Now we are back at school and into the new year, many of us will have been thinking about a renewed focus on our teaching (or that of the team we lead) and how we can be supporting the development of this through highly effective professional development. The EEF have made this easier for us, with the publication towards the end of last year of their Effective Professional Development guidance report. There are many things that this report can be applauded for, but one of the most useful aspects is the focus on the ‘mechanisms’ of effective CPD. There are 14 of these mechanisms divdided into four groups. They provide a really useful framework for leaders to use when reviewing their current CPD provision.

Whilst I strongly recommend you read the whole report, this blog will give a brief overview of each of the mechanisms.

Mechanism 1: Managing cognitive load

When presenting new information as part of professional development—when teaching teachers new knowledge—careful thought should be applied to managing the cognitive load of participants. To avoid ‘overloading’ participants, programme developers and deliverers should either:


• remove less relevant content;
• focus only on the most relevant content;
• vary their presentation via the use of multiple examples; or
• employ strategies such as dual coding—the combination of verbal and visual instruction.
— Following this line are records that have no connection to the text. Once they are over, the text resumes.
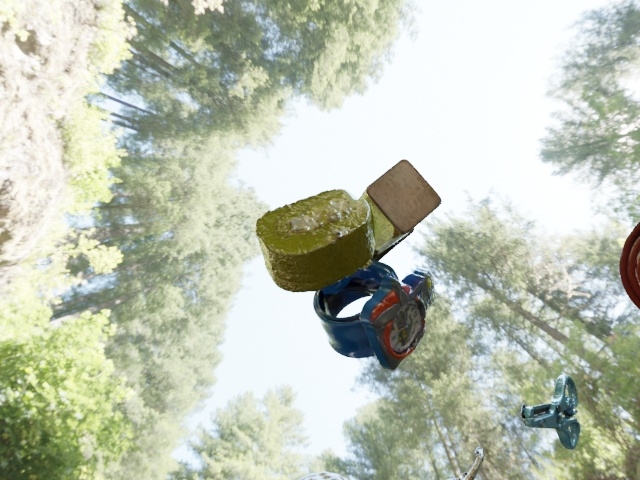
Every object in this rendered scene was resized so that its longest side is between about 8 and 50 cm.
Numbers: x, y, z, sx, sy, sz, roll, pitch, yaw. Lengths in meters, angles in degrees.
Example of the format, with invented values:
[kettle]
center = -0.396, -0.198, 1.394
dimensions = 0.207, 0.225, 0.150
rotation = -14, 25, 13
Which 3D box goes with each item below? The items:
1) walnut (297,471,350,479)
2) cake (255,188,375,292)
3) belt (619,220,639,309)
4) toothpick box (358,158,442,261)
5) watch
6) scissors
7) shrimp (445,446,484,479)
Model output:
[walnut]
center = -0.011, 0.815, 1.223
dimensions = 0.305, 0.344, 0.307
rotation = 7, -111, -20
[cake]
center = 0.000, 0.000, 0.946
dimensions = 0.260, 0.179, 0.156
rotation = -22, -45, -12
[belt]
center = 0.593, 0.018, 0.573
dimensions = 0.115, 0.323, 0.228
rotation = 0, -112, -35
[toothpick box]
center = 0.181, -0.075, 1.188
dimensions = 0.190, 0.308, 0.188
rotation = -37, -95, -13
[watch]
center = 0.140, 0.151, 1.136
dimensions = 0.274, 0.305, 0.242
rotation = 9, -48, 41
[scissors]
center = 0.555, 0.406, 1.026
dimensions = 0.032, 0.392, 0.180
rotation = -11, -112, 41
[shrimp]
center = 0.413, 0.655, 1.237
dimensions = 0.035, 0.195, 0.148
rotation = 34, -114, 15
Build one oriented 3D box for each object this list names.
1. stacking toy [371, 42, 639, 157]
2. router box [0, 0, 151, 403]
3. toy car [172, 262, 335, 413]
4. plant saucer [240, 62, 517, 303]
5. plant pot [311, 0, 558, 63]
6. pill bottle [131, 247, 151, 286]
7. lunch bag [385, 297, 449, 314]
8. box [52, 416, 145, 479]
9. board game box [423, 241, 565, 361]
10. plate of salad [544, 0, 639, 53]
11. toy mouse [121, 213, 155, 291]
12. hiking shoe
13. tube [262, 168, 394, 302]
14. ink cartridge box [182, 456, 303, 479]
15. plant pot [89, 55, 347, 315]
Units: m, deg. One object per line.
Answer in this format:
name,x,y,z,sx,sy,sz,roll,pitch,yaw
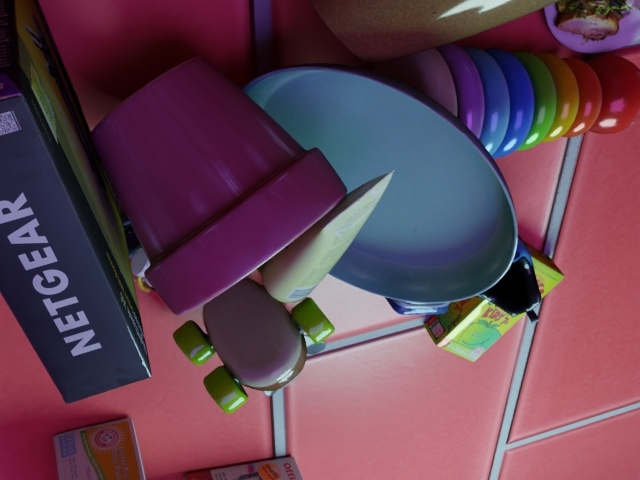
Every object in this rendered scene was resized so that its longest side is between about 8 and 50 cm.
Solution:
stacking toy,0.221,-0.151,0.973,0.330,0.141,0.141,-8,133,-25
router box,-0.233,-0.055,0.748,0.081,0.243,0.308,-17,136,-6
toy car,-0.057,0.135,1.097,0.155,0.149,0.188,-38,147,-2
plant saucer,0.049,-0.056,0.903,0.043,0.318,0.317,-58,148,-32
plant pot,0.115,-0.267,0.761,0.254,0.237,0.237,-34,138,26
pill bottle,-0.159,0.034,0.963,0.083,0.043,0.043,22,117,-40
lunch bag,0.129,0.057,1.157,0.098,0.067,0.065,2,129,-29
box,-0.279,0.346,1.187,0.103,0.114,0.203,-11,133,-15
board game box,0.240,0.084,1.254,0.092,0.043,0.181,26,115,-40
plate of salad,0.330,-0.283,0.958,0.200,0.048,0.199,-13,134,-14
toy mouse,-0.174,-0.008,0.974,0.161,0.031,0.143,-19,136,-10
hiking shoe,0.179,-0.015,1.068,0.113,0.132,0.304,-42,134,14
tube,0.000,0.000,0.904,0.062,0.070,0.240,11,158,-15
ink cartridge box,-0.108,0.415,1.326,0.176,0.128,0.127,-4,131,-25
plant pot,-0.106,-0.059,0.831,0.201,0.201,0.180,-35,95,7

Mechanism 2: Revisiting prior learning

Another important consideration when structuring the knowledge taught to teachers in PD is the relationship with previous and future learning. PD is more likely to be effective where designers:


• revisit previous topics or techniques later in the programme;
• quiz participants on information provided in past sessions; or
• use tasks that require teachers to draw on past learning.

Mechanism 3: Setting and agreeing on goals

Across a variety of behaviours, reviews have demonstrated that setting goals substantially increases the likelihood of behaviour change.21 When conscious, specific, and sufficiently difficult goals are set, they make it more likely that performance will improve. It may therefore be fruitful for professional development facilitators to set or agree upon specific goals for teachers to act on.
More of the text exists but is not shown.